Represents the polynomial decay learning rate schedule.

During warmup:

\[\eta_t = \eta_{base} \frac{t}{T_{warmup}}\]

After warmup:

\[\eta_t = \eta_{final} + (\eta_{base} - \eta_{final}) (\frac{T - t}{T - T_{warmup}})^{p}\]

This corresponds to increasing the learning rate linearly for the first \(T_{warmup}\) training steps to the base learning rate, and decreasing it thereafter for \(T - T_{warmup}\) steps to the final learning rate using a polynomial of degree \(p\).

Note

This scheduler is not chainable.

Parameters:
  • optimizer (Optimizer) – The associated optimizer.

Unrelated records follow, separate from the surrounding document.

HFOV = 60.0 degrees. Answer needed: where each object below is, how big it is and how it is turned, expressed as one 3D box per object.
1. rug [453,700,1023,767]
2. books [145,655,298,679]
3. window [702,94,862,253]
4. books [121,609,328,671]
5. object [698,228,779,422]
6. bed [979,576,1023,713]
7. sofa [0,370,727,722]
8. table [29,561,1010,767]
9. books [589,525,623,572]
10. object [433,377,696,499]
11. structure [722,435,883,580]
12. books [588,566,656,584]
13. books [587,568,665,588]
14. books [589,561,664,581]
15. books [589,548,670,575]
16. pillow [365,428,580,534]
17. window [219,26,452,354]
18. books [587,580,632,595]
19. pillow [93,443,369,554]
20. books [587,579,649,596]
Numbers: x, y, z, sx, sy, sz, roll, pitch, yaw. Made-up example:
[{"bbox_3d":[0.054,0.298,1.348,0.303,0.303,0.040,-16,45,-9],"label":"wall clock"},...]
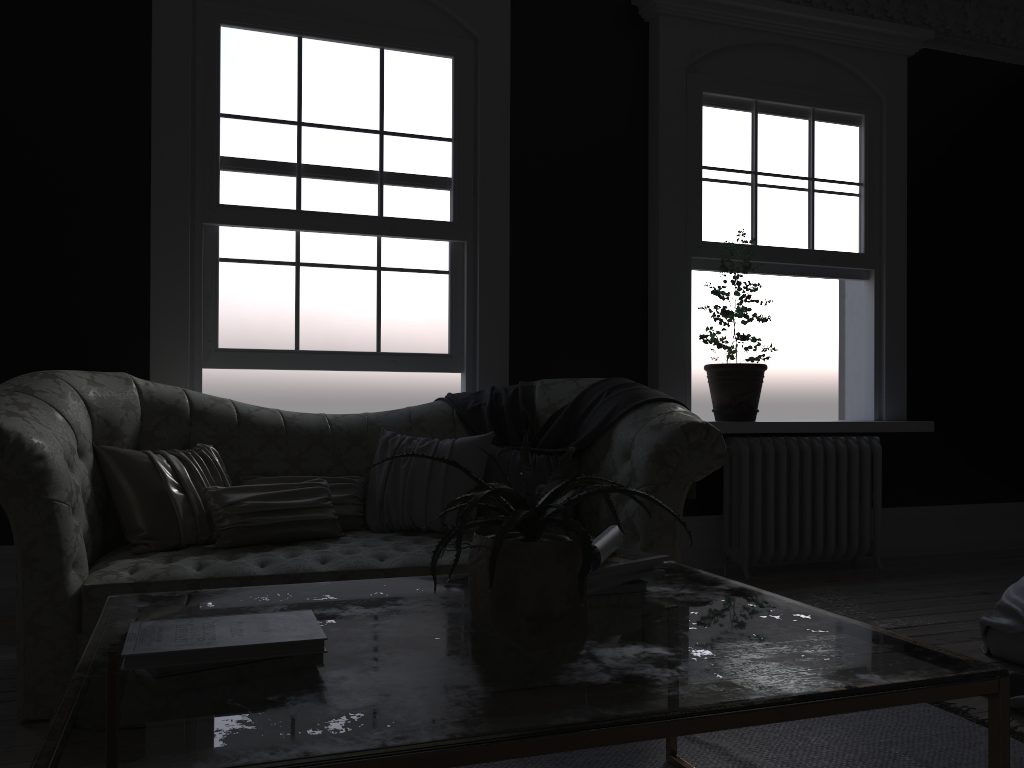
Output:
[{"bbox_3d":[0.046,1.015,1.599,3.645,0.050,2.106,1,-2,-19],"label":"rug"},{"bbox_3d":[-0.497,0.451,1.546,0.289,0.030,0.193,1,-2,-35],"label":"books"},{"bbox_3d":[1.707,-1.275,5.609,1.263,1.017,0.056,1,0,-20],"label":"window"},{"bbox_3d":[-0.479,0.423,1.484,0.307,0.024,0.220,1,-2,-20],"label":"books"},{"bbox_3d":[1.348,-0.342,5.320,0.474,1.133,0.505,0,-1,20],"label":"object"},{"bbox_3d":[3.394,0.433,2.949,3.284,1.298,2.766,1,-1,-31],"label":"bed"},{"bbox_3d":[-0.669,0.534,3.833,2.813,1.160,1.606,1,-1,-19],"label":"sofa"},{"bbox_3d":[-0.047,0.751,1.727,1.449,0.558,1.093,1,-1,-20],"label":"table"},{"bbox_3d":[0.097,0.395,2.038,0.273,0.109,0.322,0,-1,15],"label":"books"},{"bbox_3d":[0.205,0.261,4.252,1.367,0.585,0.517,0,-1,30],"label":"object"},{"bbox_3d":[1.777,0.740,5.400,1.141,0.848,0.276,1,-1,-20],"label":"structure"},{"bbox_3d":[0.142,0.430,2.072,0.252,0.011,0.318,-1,-2,42],"label":"books"},{"bbox_3d":[0.156,0.441,2.079,0.318,0.011,0.252,1,-2,-38],"label":"books"},{"bbox_3d":[0.161,0.420,2.072,0.252,0.011,0.318,-1,-2,42],"label":"books"},{"bbox_3d":[0.169,0.409,2.073,0.318,0.011,0.252,2,-2,-43],"label":"books"},{"bbox_3d":[-0.164,0.430,3.962,0.964,0.461,0.405,1,-1,-12],"label":"pillow"},{"bbox_3d":[-0.908,-0.982,4.678,1.263,1.671,0.056,1,0,-20],"label":"window"},{"bbox_3d":[0.119,0.451,2.056,0.252,0.011,0.318,-1,-2,37],"label":"books"},{"bbox_3d":[-1.099,0.438,3.606,1.105,0.416,0.529,1,-1,-20],"label":"pillow"},{"bbox_3d":[0.179,0.469,2.083,0.231,0.023,0.162,1,-2,-19],"label":"books"}]
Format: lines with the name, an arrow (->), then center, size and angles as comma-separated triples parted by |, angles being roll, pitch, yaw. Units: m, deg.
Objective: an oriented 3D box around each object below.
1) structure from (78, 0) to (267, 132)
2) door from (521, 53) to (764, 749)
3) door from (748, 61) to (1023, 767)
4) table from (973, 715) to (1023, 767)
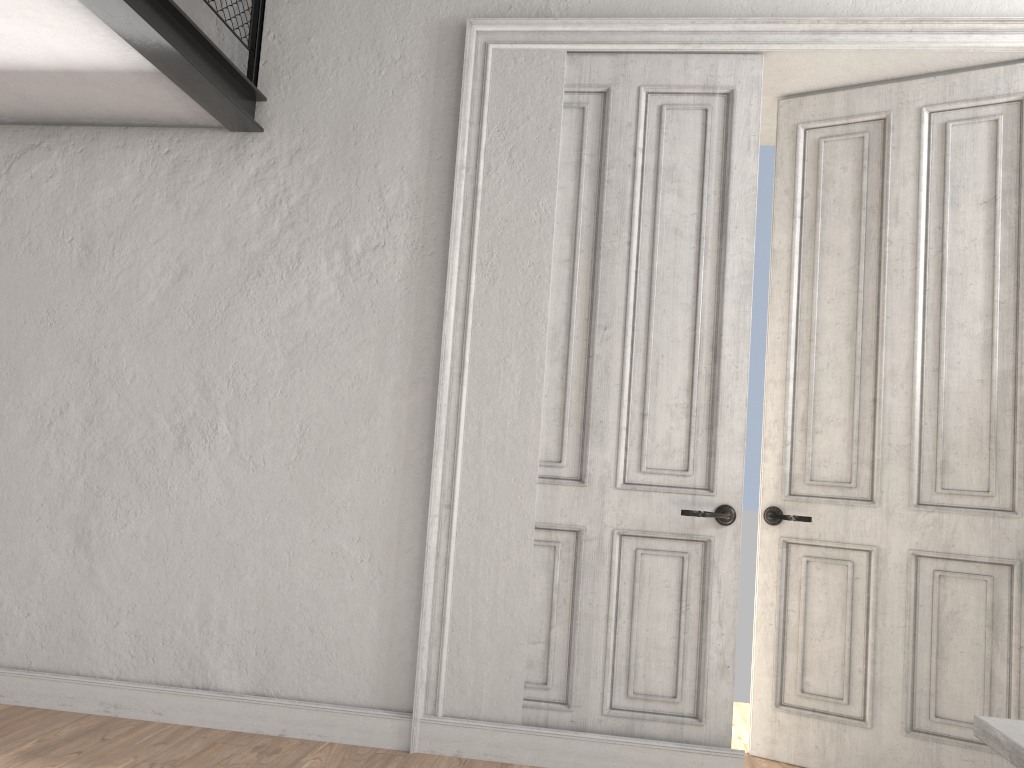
structure -> -3.461, -2.097, 1.178 | 4.157, 1.212, 5.932 | 3, -6, 8
door -> 0.367, 0.055, 3.510 | 1.097, 2.812, 0.216 | 3, -5, 9
door -> 1.538, 0.138, 3.512 | 1.097, 2.812, 0.216 | 1, -6, 33
table -> 1.066, 0.801, 0.142 | 1.100, 0.779, 2.202 | 3, -6, 8
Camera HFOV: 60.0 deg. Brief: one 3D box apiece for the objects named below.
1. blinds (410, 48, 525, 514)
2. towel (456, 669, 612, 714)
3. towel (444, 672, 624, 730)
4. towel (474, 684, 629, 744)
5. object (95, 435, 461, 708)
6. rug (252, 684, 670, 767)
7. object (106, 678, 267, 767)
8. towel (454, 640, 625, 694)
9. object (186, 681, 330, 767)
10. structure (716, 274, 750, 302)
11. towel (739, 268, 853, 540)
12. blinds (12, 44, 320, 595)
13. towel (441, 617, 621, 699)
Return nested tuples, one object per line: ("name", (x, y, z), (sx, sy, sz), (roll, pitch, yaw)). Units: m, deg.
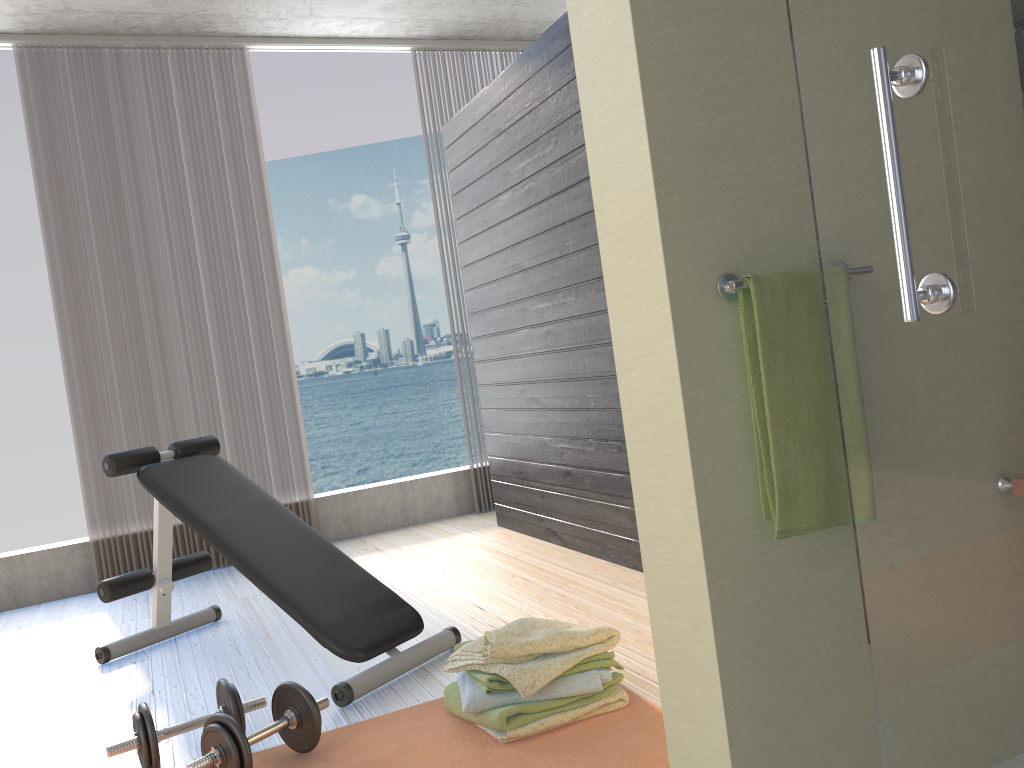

  • num_steps (int) – The total number of steps, including warmup, over which to decay the learning rate.

  • num_warmup_steps (int) – The number of warmup steps.

  • power (float) – The exponent of the polynomial used for decay.

  • start_lr (float | Sequence[float]) – The initial warmup learning rate of all parameter groups, or of each parameter group respectively.

  • final_lr (float | Sequence[float]) – The final learning rate of all parameter groups, or of each parameter group respectively.

  • last_epoch (int) – The index of the last epoch.

  • verbose (bool) – If True, prints a message to stdout for each update.

get_last_lr()

Return last computed learning rate by current scheduler.

load_state_dict(state_dict)

Loads the schedulers state.

Args:
state_dict (dict): scheduler state. Should be an object returned

from a call to state_dict().

print_lr(is_verbose, group, lr, epoch=None)

Display the current learning rate.

state_dict()

Returns the state of the scheduler as a dict.

It contains an entry for every variable in self.__dict__ which is not the optimizer.